Abstract

Bisphenol A (BPA) is an endocrine disrupting chemical which poses great concern because of its high proportionate industrial production, omnipresent human exposure and budding toxic consequences in human. A plethora of previous studies has connected BPA to a variety of negative health outcomes and diabetes mellitus is among the first bencher. However, there is disagreement over the degree of toxic effects generated by low and high doses of BPA and critical period of exposure. Furthermore, the safe level of BPA determined by classical toxicological studies does not protect pancreatic islet cells from low dose effects of BPA. Thus, the extremities of toxic effects on pancreatic islets associated with BPA exposure are complicated and contentious.
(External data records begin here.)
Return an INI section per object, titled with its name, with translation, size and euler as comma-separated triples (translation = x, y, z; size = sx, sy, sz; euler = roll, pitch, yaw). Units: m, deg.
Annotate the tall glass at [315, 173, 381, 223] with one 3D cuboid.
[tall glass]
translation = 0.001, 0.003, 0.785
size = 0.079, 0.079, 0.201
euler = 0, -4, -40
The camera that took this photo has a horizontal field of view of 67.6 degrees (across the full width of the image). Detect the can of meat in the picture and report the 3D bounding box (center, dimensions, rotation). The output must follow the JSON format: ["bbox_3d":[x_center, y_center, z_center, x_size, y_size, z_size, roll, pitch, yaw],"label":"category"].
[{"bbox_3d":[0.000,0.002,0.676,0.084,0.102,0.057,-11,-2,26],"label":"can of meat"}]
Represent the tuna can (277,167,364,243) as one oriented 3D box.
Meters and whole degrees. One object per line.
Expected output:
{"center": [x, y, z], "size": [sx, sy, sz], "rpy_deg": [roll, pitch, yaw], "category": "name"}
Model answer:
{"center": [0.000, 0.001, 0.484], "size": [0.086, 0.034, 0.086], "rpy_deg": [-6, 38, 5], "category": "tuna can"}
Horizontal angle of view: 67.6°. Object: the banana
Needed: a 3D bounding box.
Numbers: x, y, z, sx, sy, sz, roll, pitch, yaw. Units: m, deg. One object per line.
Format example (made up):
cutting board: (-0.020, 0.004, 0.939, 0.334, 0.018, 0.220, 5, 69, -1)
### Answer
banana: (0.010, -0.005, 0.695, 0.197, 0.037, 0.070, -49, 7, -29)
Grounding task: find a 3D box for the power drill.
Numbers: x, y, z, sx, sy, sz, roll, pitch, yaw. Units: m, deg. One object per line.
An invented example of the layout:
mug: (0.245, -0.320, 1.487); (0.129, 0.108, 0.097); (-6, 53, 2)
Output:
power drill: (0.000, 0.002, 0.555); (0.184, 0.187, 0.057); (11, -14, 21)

In this review, we highlighted different cellular and molecular pathways targeted by BPA to mediate its action on pancreatic islets with consideration of both low and high dose effects. Besides estrogen receptor α and β, BPA also uses non canonical membrane bound estrogen receptor and G-protein coupled estrogen receptor to confer its toxic effects. In doing so, BPA modulates ion channels, and transcription factors; causes aggregation of human islet amyloid polypeptide, endoplasmic reticulum and mitochondrial stress; and results in activation of NFκB in pancreatic β cells. BPA also renders a major shift in β to α cell ratio in islets causing deregulated glucagon secretion. Hence, understanding of various mechanisms of BPA action on the pancreatic islets will provide meaningful insights in recognizing the risk posed by exposure to low and high doses of BPA.